The class ```DeSpike``` is written so that it seamlessly integrates into sklearn preprocessing piplines and is compatible with hyperparameter optimization like ```GridSearchCV```. Therefore ```.fit()``` and ```.transform()``` methods are implemented. Each take the spectra as an input.

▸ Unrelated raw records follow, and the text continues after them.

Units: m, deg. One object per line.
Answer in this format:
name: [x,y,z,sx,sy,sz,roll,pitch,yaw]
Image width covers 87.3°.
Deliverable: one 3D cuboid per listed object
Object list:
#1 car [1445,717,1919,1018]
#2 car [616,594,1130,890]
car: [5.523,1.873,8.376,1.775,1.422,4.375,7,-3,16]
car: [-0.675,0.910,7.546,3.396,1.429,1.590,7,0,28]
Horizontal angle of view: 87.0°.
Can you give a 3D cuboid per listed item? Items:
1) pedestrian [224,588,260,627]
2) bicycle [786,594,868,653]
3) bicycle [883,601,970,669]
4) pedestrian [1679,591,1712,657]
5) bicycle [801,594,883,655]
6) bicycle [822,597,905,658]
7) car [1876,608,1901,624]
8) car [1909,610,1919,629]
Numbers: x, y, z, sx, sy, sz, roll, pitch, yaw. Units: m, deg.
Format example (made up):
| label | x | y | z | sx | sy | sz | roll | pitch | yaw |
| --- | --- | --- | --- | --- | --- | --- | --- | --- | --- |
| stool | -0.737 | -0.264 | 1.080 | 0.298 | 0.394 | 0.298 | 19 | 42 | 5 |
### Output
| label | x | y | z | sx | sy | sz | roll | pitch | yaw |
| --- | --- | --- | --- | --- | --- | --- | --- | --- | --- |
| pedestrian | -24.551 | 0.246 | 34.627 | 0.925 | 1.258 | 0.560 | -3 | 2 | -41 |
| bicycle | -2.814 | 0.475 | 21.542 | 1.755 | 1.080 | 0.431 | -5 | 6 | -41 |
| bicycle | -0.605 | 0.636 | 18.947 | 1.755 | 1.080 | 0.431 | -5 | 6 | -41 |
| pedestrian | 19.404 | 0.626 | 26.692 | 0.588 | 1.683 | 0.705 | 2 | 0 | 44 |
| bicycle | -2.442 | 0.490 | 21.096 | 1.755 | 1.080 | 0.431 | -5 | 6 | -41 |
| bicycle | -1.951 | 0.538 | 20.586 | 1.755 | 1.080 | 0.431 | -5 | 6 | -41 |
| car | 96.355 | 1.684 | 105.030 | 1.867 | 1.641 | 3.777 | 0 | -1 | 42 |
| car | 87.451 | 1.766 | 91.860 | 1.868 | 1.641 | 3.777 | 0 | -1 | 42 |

First use ```.fit()```  to calculate the modified z-scores, then use ```.transform()``` to perform the correction, as explained in [[1]](#references).

```python
>>> from spyky.spikes import DeSpike

>>> spiky = Despike(window=5, threshold=6)
>>> spiky.fit(spectra)

>>> despiked = spiky.transform(spectra)
>>> print(despiked)
[[  802.75   721.     776.   ... 22819.   22517.   22982.  ]
 [  811.     731.     783.   ... 22947.   22662.   23119.6 ]
 [  796.5    724.     770.   ... 22575.   22275.   22719.6 ]]
```

In a pipeline this might look like:
```python
>>> from sklearn.pipeline import make_pipeline
>>> from spyky.reader import read_spc
>>> from spyky.spikes import DeSpike

>>> s, w, n = read_spc(r"/home/arle/MSC/Code/spectra_bin/")

>>> pipe = make_pipeline(DeSpike(window=5, threshold=6))
>>> pipe.fit(s)
>>> corrected = pipe.transform(s)
>>> print(corrected)
[[  802.75   721.     776.   ... 22819.   22517.   22982.  ]
 [  811.     731.     783.   ... 22947.   22662.   23119.6 ]
 [  796.5    724.     770.   ... 22575.   22275.   22719.6 ]]

```
Use ```"despike__window"``` and ```"despike__threshold``` to test different values through ```param_grid``` in ```GridSearchCV```

Sometimes it can happen that the algorithm fasly identifies steep sections of the normal spectra as spikes. If this happens you can use the ```ignore``` and ```ignore_ref``` to supply an array containing the wavelengths you want to be ignored. The index of the wavenumber array will be used, if you do not supply ```ignore_ref```. Please note your input to ```ignore``` must match that of ```ignore_ref``` this is easiest to achieve through the use of a mask. Below you can see an example. 

```python
wcut = (w > 500) & (w < 1000)
spiky = DeSpike(threshold=3.3, ignore=w[wcut], ignore_ref=w)
```


# References
[1] D. A. Whitaker and K. Hayes, "A simple algorithm for despiking Raman spectra," Chemometrics and Intelligent Laboratory Systems, vol. 179, pp. 82-84, Aug. 2018, doi: 10.1016/j.chemolab.2018.06.009.